### Problem requirements
Please restate each entry word for word and leave the pictures out.

------ Supplied material

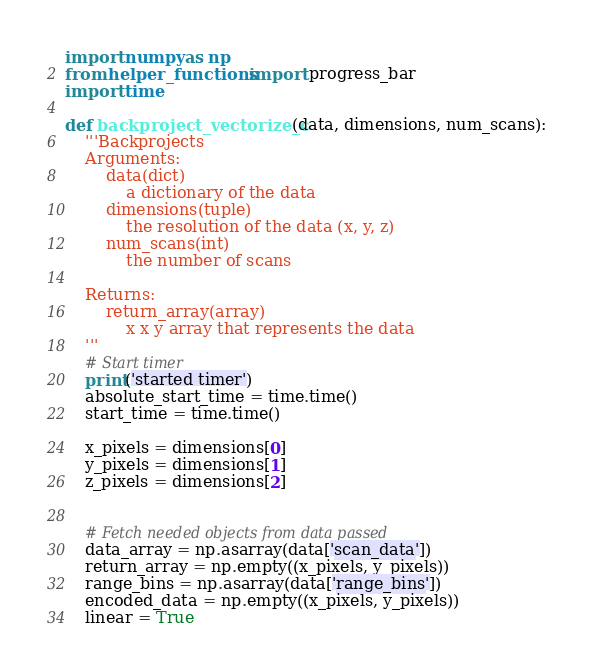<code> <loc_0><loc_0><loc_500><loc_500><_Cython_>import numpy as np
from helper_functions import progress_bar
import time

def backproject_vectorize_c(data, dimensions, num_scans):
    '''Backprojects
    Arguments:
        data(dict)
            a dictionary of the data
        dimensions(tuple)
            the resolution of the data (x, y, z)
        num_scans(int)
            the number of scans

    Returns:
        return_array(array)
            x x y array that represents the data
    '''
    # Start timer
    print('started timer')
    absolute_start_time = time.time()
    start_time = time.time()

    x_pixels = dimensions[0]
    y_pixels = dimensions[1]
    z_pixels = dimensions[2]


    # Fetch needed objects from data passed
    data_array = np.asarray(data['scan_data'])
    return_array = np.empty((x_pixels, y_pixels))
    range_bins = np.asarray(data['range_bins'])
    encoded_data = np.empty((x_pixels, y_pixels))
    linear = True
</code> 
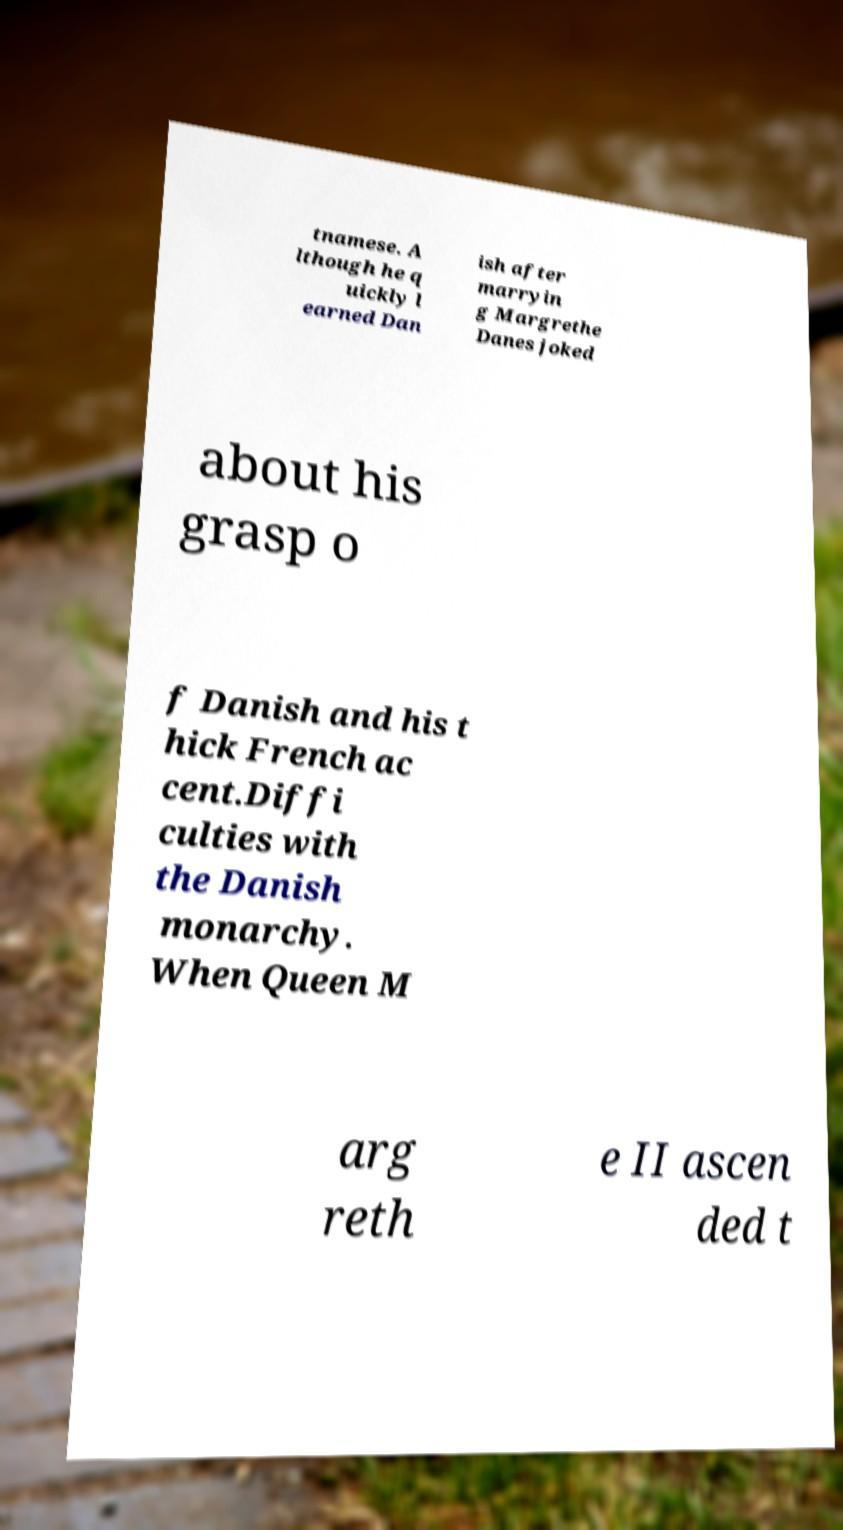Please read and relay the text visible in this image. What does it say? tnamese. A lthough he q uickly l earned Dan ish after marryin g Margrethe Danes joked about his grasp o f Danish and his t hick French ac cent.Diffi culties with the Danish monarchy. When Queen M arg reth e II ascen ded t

------------

### Result of the task
<code> <loc_0><loc_0><loc_500><loc_500><_Cython_>import numpy as np
from helper_functions import progress_bar
import time

def backproject_vectorize_c(data, dimensions, num_scans):
    '''Backprojects
    Arguments:
        data(dict)
            a dictionary of the data
        dimensions(tuple)
            the resolution of the data (x, y, z)
        num_scans(int)
            the number of scans

    Returns:
        return_array(array)
            x x y array that represents the data
    '''
    # Start timer
    print('started timer')
    absolute_start_time = time.time()
    start_time = time.time()

    x_pixels = dimensions[0]
    y_pixels = dimensions[1]
    z_pixels = dimensions[2]


    # Fetch needed objects from data passed
    data_array = np.asarray(data['scan_data'])
    return_array = np.empty((x_pixels, y_pixels))
    range_bins = np.asarray(data['range_bins'])
    encoded_data = np.empty((x_pixels, y_pixels))
    linear = True
</code> 
Please read and relay the text visible in this image. What does it say? tnamese. A lthough he q uickly l earned Dan ish after marryin g Margrethe Danes joked about his grasp o f Danish and his t hick French ac cent.Diffi culties with the Danish monarchy. When Queen M arg reth e II ascen ded t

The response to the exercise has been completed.